[Source data]
..........
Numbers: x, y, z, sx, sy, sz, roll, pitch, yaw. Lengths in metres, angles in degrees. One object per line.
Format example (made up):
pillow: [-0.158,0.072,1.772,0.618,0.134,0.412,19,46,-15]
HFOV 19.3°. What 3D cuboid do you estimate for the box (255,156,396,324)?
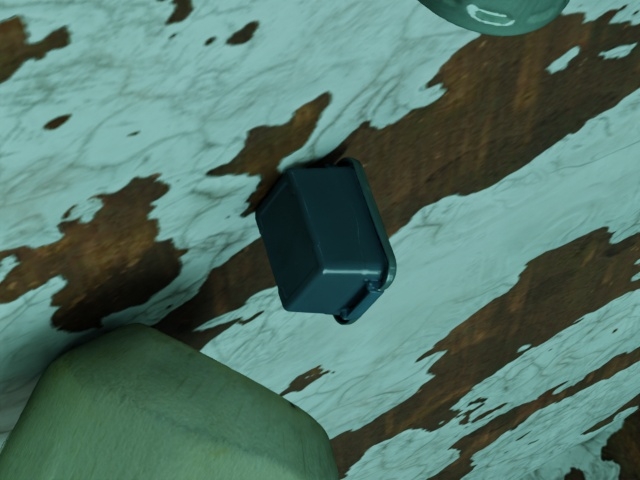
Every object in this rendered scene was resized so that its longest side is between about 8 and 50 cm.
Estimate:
box: [0.000,0.000,1.218,0.054,0.099,0.074,2,146,-35]

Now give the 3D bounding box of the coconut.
coconut: [-0.118,0.199,1.277,0.247,0.245,0.245,-61,164,-8]

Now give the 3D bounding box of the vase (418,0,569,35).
vase: [0.134,-0.214,0.804,0.143,0.143,0.299,-18,161,-35]
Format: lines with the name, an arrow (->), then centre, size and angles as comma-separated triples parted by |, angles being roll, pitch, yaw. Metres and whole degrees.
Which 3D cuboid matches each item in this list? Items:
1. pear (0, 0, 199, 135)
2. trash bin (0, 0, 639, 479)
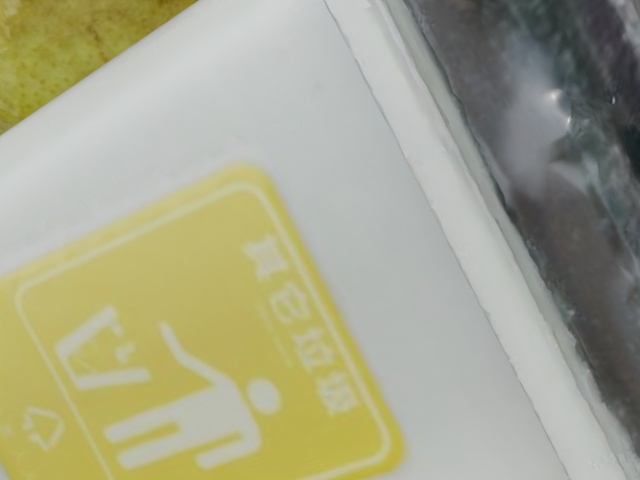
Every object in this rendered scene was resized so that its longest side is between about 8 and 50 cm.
pear -> -0.117, -0.178, 0.782 | 0.304, 0.304, 0.304 | -27, 51, 39
trash bin -> 0.000, 0.000, 0.602 | 0.367, 0.256, 0.296 | -25, 8, 29
..........
Work required: Although the records contain pictures, only their text should be repeated, exactly as it appears.

Result of this task:
Numbers: x, y, z, sx, sy, sz, roll, pitch, yaw. Lengths in metres, angles in degrees. One object per line.
Format example (made up):
pillow: [-0.158,0.072,1.772,0.618,0.134,0.412,19,46,-15]
HFOV 19.3°. What 3D cuboid do you estimate for the box (255,156,396,324)?
Every object in this rendered scene was resized so that its longest side is between about 8 and 50 cm.
Estimate:
box: [0.000,0.000,1.218,0.054,0.099,0.074,2,146,-35]

Now give the 3D bounding box of the coconut.
coconut: [-0.118,0.199,1.277,0.247,0.245,0.245,-61,164,-8]

Now give the 3D bounding box of the vase (418,0,569,35).
vase: [0.134,-0.214,0.804,0.143,0.143,0.299,-18,161,-35]
Format: lines with the name, an arrow (->), then centre, size and angles as comma-separated triples parted by |, angles being roll, pitch, yaw. Metres and whole degrees.
Which 3D cuboid matches each item in this list? Items:
1. pear (0, 0, 199, 135)
2. trash bin (0, 0, 639, 479)
Every object in this rendered scene was resized so that its longest side is between about 8 and 50 cm.
pear -> -0.117, -0.178, 0.782 | 0.304, 0.304, 0.304 | -27, 51, 39
trash bin -> 0.000, 0.000, 0.602 | 0.367, 0.256, 0.296 | -25, 8, 29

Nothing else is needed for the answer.